The research is compelling, but the narrative is spoiled by Geddes-Poole's heavy-handed use of Pierre Bordieu's ideas about cultural capital to tell a version of the well-worn story about declining aristos versus the ascendant middle class. It's hard to justify such a broad claim on a tiny sample of connected individuals who served on museum boards.  The evidence is anecdotal, and there isn't enough to convince that we're seeing anything more than the usual frictions of office politics.  Moreover her unconcealed preference for commoners against aristocrats causes her to judge the self-serving dealer Joseph Duveen too generously, and to glide over many exceptions to the 'rule'.  It's implied that Kenneth Clark was an especially effective Director of the NG because he managed the board so well, but on the other side was ongoing strife with the staff, which is discussed in Conlin's book.

Geddes Poole writes that, "Noting the disparities between the two varieties of cultural capital (inherited and educationally acquired) helps to illuminate the divide between the amateur and the professional.  As professional expertise rose in value at the Treasury and in the director's chair, aristocrats on the board found their cultural capital devalued and their authority threatened." (p. 219)  That's a rather highfalutin way of saying that some people got onto the board because of who they were, others for what they knew - but it's not really such a clear-cut distinction.  Some aristos knew a lot about art, and some commoners had inherited a lot of money and social cachet.  The comment about threatened authority is question-begging.  The more interesting question is how professional expertise in art emerged and became valued, but that is assumed rather than explained.

She claims that "the value of amateur connoisseurship was about much more than knowledge or taste.  The issues concerned power and authority and were fraught with implications for an aristocracy in the process of being eclipsed by an emerging professional class" (p. 219)  This is lazy writing.  What does "fraught with implications" mean?  What implications?  It's just left hanging, and we're expected to nod obligingly at the impossibly vague claim that important things are happening in the background.

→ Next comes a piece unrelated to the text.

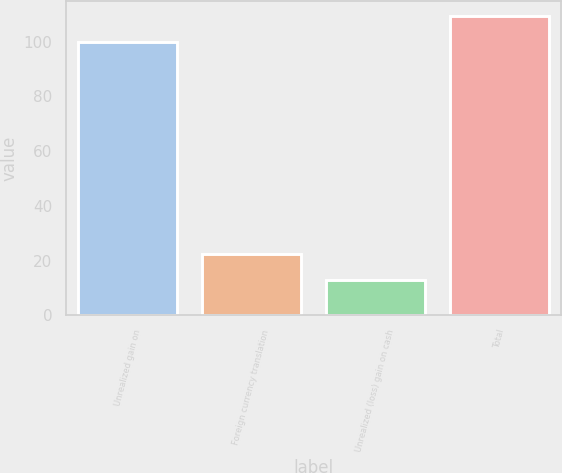Convert chart to OTSL. <chart><loc_0><loc_0><loc_500><loc_500><bar_chart><fcel>Unrealized gain on<fcel>Foreign currency translation<fcel>Unrealized (loss) gain on cash<fcel>Total<nl><fcel>100<fcel>22.3<fcel>13<fcel>109.3<nl></chart>

The book is also marred by a profusion of errors.  In one sentence she misspells three artists ('Wouvermand', 'Tenier', 'Van Dyke' p.143).  It's Fra Filippo Lippi not Fra Lippo Lippi (p.196), unless she means the poem by Browning rather than the artist.  Ingres painted Madame Moitessier not Madame de Moitessier.  She mentions "a rare Cima da Conegliano head of St Jerome" purchased for the NG by Clark (p.183).  There is a Cima St Jerome at the NG, but it's not just a head and it wasn't bought by Clark.  I simply don't know what she could be referring to.  She describes Titian's Diana and Calisto (sic) as the less  (sic) good of three Titians, when the Venus Anadyomene is clearly the least good (wrong on grammar, spelling and art, p.142).  She weirdly judges Sir Philip Sassoon's collection insignificant because "it was too diverse and did not concentrate on period, artist or country" (p. 25, a judgment repeated on p.200) - so I guess collections like Thyssen's and Frick's must be trivial too.   

The thesis doesn't convince, the social theory is a distraction and the carelessness rankles.  But I truly recommend the book.  There's a wealth of fascinating information, if you can tolerate its failings.